### INSTRUCTIONS TO FOLLOW
The entries that follow contain images, which should be left out; output everything else exactly.

### THE DATA

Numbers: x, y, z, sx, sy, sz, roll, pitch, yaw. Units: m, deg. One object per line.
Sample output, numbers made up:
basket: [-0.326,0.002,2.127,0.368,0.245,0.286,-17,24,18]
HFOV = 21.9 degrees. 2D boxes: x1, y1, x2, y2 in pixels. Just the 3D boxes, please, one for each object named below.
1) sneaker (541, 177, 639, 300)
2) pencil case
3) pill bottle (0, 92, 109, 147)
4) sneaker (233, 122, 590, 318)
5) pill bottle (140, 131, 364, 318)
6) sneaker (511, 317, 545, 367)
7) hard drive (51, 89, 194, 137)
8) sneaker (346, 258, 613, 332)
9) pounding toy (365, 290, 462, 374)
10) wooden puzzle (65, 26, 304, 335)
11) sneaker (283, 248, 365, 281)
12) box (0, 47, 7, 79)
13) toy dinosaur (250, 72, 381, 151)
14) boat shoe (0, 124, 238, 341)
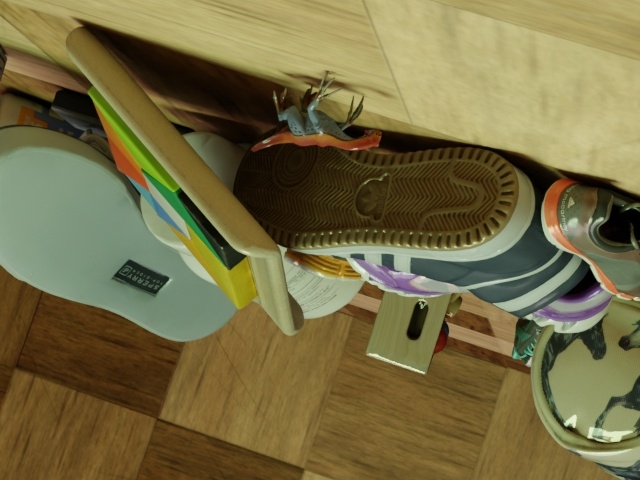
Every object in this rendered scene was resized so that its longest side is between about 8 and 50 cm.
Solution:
sneaker: [0.219,0.005,1.137,0.158,0.061,0.065,22,167,-40]
pencil case: [0.350,0.166,1.693,0.159,0.184,0.410,10,169,29]
pill bottle: [-0.225,-0.037,1.713,0.272,0.152,0.152,20,174,-17]
sneaker: [0.070,-0.014,1.237,0.282,0.099,0.153,10,168,44]
pill bottle: [-0.057,-0.015,1.476,0.131,0.131,0.229,15,173,31]
sneaker: [0.268,0.118,1.991,0.065,0.076,0.166,18,175,-3]
hard drive: [-0.178,-0.105,1.560,0.135,0.022,0.094,18,175,9]
sneaker: [0.135,0.006,1.303,0.236,0.095,0.104,14,170,-9]
pounding toy: [0.121,0.069,1.827,0.100,0.141,0.130,18,-171,5]
wooden puzzle: [-0.101,-0.033,1.236,0.221,0.044,0.239,49,174,16]
sneaker: [0.064,-0.013,1.400,0.084,0.083,0.215,20,-165,40]
box: [-0.325,-0.107,1.294,0.087,0.169,0.290,17,173,-3]
toy dinosaur: [0.004,-0.071,1.079,0.047,0.090,0.082,4,-144,-36]
boat shoe: [-0.211,-0.036,1.517,0.367,0.136,0.156,32,-163,-52]
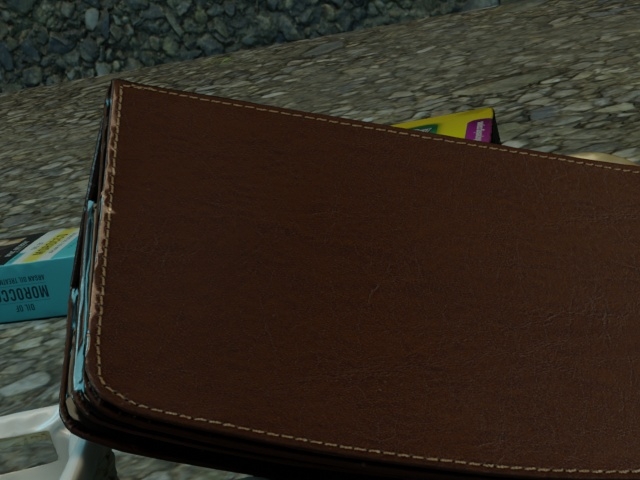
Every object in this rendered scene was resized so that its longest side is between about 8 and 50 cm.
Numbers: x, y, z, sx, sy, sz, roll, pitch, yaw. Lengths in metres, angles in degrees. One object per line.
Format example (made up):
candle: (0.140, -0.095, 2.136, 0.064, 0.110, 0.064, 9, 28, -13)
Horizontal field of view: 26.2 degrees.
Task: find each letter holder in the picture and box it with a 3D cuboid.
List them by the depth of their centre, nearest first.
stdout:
letter holder: (0.025, 0.065, 0.702, 0.302, 0.152, 0.214, 8, 45, -13)

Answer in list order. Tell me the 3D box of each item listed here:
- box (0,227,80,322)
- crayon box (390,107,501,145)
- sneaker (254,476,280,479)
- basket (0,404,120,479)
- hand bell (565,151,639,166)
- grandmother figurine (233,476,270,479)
box: (-0.261, 0.031, 1.345, 0.244, 0.060, 0.100, -7, 17, 18)
crayon box: (0.000, 0.000, 1.168, 0.313, 0.106, 0.363, -11, 16, 12)
sneaker: (0.036, 0.090, 0.885, 0.121, 0.079, 0.217, 0, 21, 40)
basket: (-0.168, 0.170, 0.734, 0.113, 0.103, 0.167, -12, 16, 4)
hand bell: (0.177, 0.052, 0.905, 0.126, 0.126, 0.242, -9, 29, 15)
grandmother figurine: (-0.077, 0.208, 0.550, 0.208, 0.104, 0.342, -13, 12, 27)

### WRITTEN ANSWER
Numbers: x, y, z, sx, sy, sz, roll, pitch, yaw. Units: m, deg. One object per line.
Sample output, numbers made up:
basket: [-0.326,0.002,2.127,0.368,0.245,0.286,-17,24,18]
HFOV = 21.9 degrees. 2D boxes: x1, y1, x2, y2 in pixels. Just the 3D boxes, please, one for each object named below.
1) sneaker (541, 177, 639, 300)
2) pencil case
3) pill bottle (0, 92, 109, 147)
4) sneaker (233, 122, 590, 318)
5) pill bottle (140, 131, 364, 318)
6) sneaker (511, 317, 545, 367)
7) hard drive (51, 89, 194, 137)
8) sneaker (346, 258, 613, 332)
9) pounding toy (365, 290, 462, 374)
10) wooden puzzle (65, 26, 304, 335)
11) sneaker (283, 248, 365, 281)
12) box (0, 47, 7, 79)
13) toy dinosaur (250, 72, 381, 151)
14) boat shoe (0, 124, 238, 341)
Every object in this rendered scene was resized so that its longest side is between about 8 and 50 cm.
Solution:
sneaker: [0.219,0.005,1.137,0.158,0.061,0.065,22,167,-40]
pencil case: [0.350,0.166,1.693,0.159,0.184,0.410,10,169,29]
pill bottle: [-0.225,-0.037,1.713,0.272,0.152,0.152,20,174,-17]
sneaker: [0.070,-0.014,1.237,0.282,0.099,0.153,10,168,44]
pill bottle: [-0.057,-0.015,1.476,0.131,0.131,0.229,15,173,31]
sneaker: [0.268,0.118,1.991,0.065,0.076,0.166,18,175,-3]
hard drive: [-0.178,-0.105,1.560,0.135,0.022,0.094,18,175,9]
sneaker: [0.135,0.006,1.303,0.236,0.095,0.104,14,170,-9]
pounding toy: [0.121,0.069,1.827,0.100,0.141,0.130,18,-171,5]
wooden puzzle: [-0.101,-0.033,1.236,0.221,0.044,0.239,49,174,16]
sneaker: [0.064,-0.013,1.400,0.084,0.083,0.215,20,-165,40]
box: [-0.325,-0.107,1.294,0.087,0.169,0.290,17,173,-3]
toy dinosaur: [0.004,-0.071,1.079,0.047,0.090,0.082,4,-144,-36]
boat shoe: [-0.211,-0.036,1.517,0.367,0.136,0.156,32,-163,-52]
Every object in this rendered scene was resized so that its longest side is between about 8 and 50 cm.
Numbers: x, y, z, sx, sy, sz, roll, pitch, yaw. Lengths in metres, angles in degrees. One object per line.
Format example (made up):
candle: (0.140, -0.095, 2.136, 0.064, 0.110, 0.064, 9, 28, -13)
Horizontal field of view: 26.2 degrees.
Task: find each letter holder in the picture and box it with a 3D cuboid.
List them by the depth of their centre, nearest first.
stdout:
letter holder: (0.025, 0.065, 0.702, 0.302, 0.152, 0.214, 8, 45, -13)

Answer in list order. Tell me the 3D box of each item listed here:
- box (0,227,80,322)
- crayon box (390,107,501,145)
- sneaker (254,476,280,479)
- basket (0,404,120,479)
- hand bell (565,151,639,166)
- grandmother figurine (233,476,270,479)
box: (-0.261, 0.031, 1.345, 0.244, 0.060, 0.100, -7, 17, 18)
crayon box: (0.000, 0.000, 1.168, 0.313, 0.106, 0.363, -11, 16, 12)
sneaker: (0.036, 0.090, 0.885, 0.121, 0.079, 0.217, 0, 21, 40)
basket: (-0.168, 0.170, 0.734, 0.113, 0.103, 0.167, -12, 16, 4)
hand bell: (0.177, 0.052, 0.905, 0.126, 0.126, 0.242, -9, 29, 15)
grandmother figurine: (-0.077, 0.208, 0.550, 0.208, 0.104, 0.342, -13, 12, 27)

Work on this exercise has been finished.